It all began when Robbie Allen, one of my best friends in sixth grade and red on the head like the dick on a dog (or so he said. He was curious that way.) got the hots for Alicia (I think that was her name), a well-developed seventh grader. The seventh grade guys were already rather pissed at him and the rest of us snot-nosed sixth graders because we were going to be the first seventh graders at Independence Junior High School. In the past, the junior high school has only had eighth and ninth graders, but now it wanted us too.

So, not only had this bug crawled up their cracks, but now Robbie and Alicia were making eyes at one another. Have I mentioned that Alicia was well-developed? Okay, that's a bit of an understatement. She had taters designed for a woman twice her age but firm as only a seventh grader's could be. I personally think she only pretended interest in Robbie to make all the seventh grade guys jealous. If that was her plan, it worked.

Some of the bigger, stupider seventh grade guys began bugging Robbie in the halls, causing myself and our other friends to have to intervene on his side. It got to the point where, for the last day of school, we scheduled a big old rumble to be held out in front of the elementary school -- two sixth graders for every seventh grader.

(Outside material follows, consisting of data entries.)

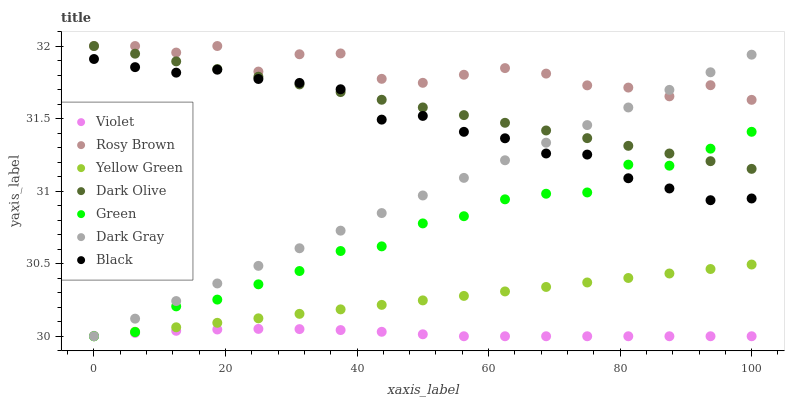Does Violet have the minimum area under the curve?
Answer yes or no. Yes. Does Rosy Brown have the maximum area under the curve?
Answer yes or no. Yes. Does Yellow Green have the minimum area under the curve?
Answer yes or no. No. Does Yellow Green have the maximum area under the curve?
Answer yes or no. No. Is Dark Olive the smoothest?
Answer yes or no. Yes. Is Rosy Brown the roughest?
Answer yes or no. Yes. Is Yellow Green the smoothest?
Answer yes or no. No. Is Yellow Green the roughest?
Answer yes or no. No. Does Yellow Green have the lowest value?
Answer yes or no. Yes. Does Dark Olive have the lowest value?
Answer yes or no. No. Does Dark Olive have the highest value?
Answer yes or no. Yes. Does Yellow Green have the highest value?
Answer yes or no. No. Is Violet less than Black?
Answer yes or no. Yes. Is Dark Olive greater than Violet?
Answer yes or no. Yes. Does Dark Olive intersect Dark Gray?
Answer yes or no. Yes. Is Dark Olive less than Dark Gray?
Answer yes or no. No. Is Dark Olive greater than Dark Gray?
Answer yes or no. No. Does Violet intersect Black?
Answer yes or no. No. 
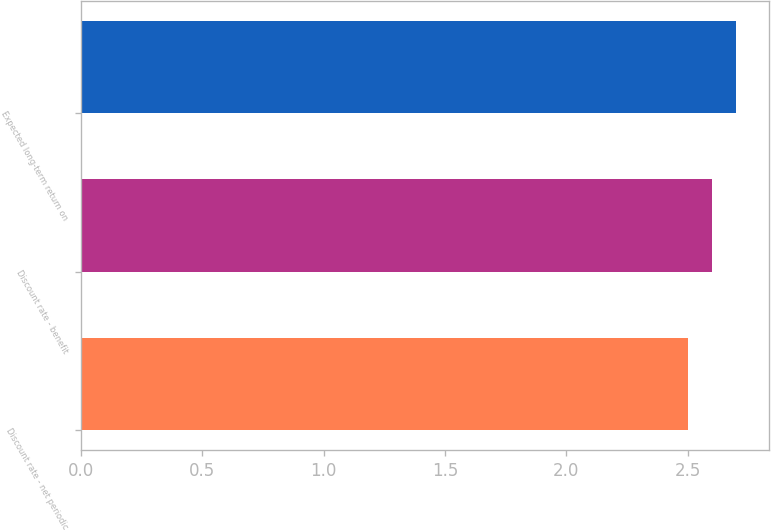Convert chart. <chart><loc_0><loc_0><loc_500><loc_500><bar_chart><fcel>Discount rate - net periodic<fcel>Discount rate - benefit<fcel>Expected long-term return on<nl><fcel>2.5<fcel>2.6<fcel>2.7<nl></chart> 
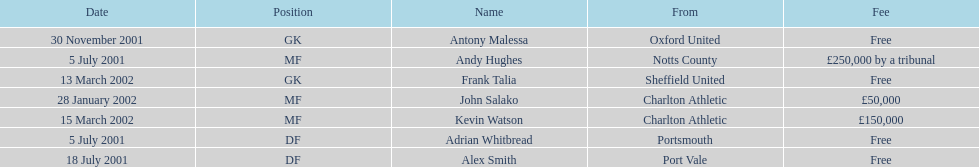Parse the table in full. {'header': ['Date', 'Position', 'Name', 'From', 'Fee'], 'rows': [['30 November 2001', 'GK', 'Antony Malessa', 'Oxford United', 'Free'], ['5 July 2001', 'MF', 'Andy Hughes', 'Notts County', '£250,000 by a tribunal'], ['13 March 2002', 'GK', 'Frank Talia', 'Sheffield United', 'Free'], ['28 January 2002', 'MF', 'John Salako', 'Charlton Athletic', '£50,000'], ['15 March 2002', 'MF', 'Kevin Watson', 'Charlton Athletic', '£150,000'], ['5 July 2001', 'DF', 'Adrian Whitbread', 'Portsmouth', 'Free'], ['18 July 2001', 'DF', 'Alex Smith', 'Port Vale', 'Free']]} What was the transfer fee to transfer kevin watson? £150,000. 
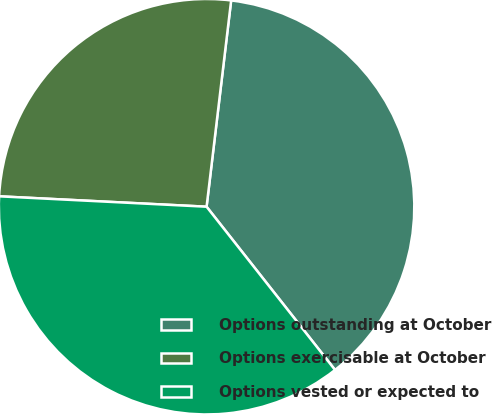Convert chart to OTSL. <chart><loc_0><loc_0><loc_500><loc_500><pie_chart><fcel>Options outstanding at October<fcel>Options exercisable at October<fcel>Options vested or expected to<nl><fcel>37.5%<fcel>26.09%<fcel>36.41%<nl></chart>

On the appointed day, a bunch of my friends and I showed up, lugging our Louisville sluggers and bicycle chains. We honestly has some really tough sixth graders -- the type who had been left back so many times, they still used straight-edge razors. I still remember the seventh graders, all lined up on their Huffies like something out of a really low-budget biker flick. But no Robbie. So we all said the Hell with it and played softball.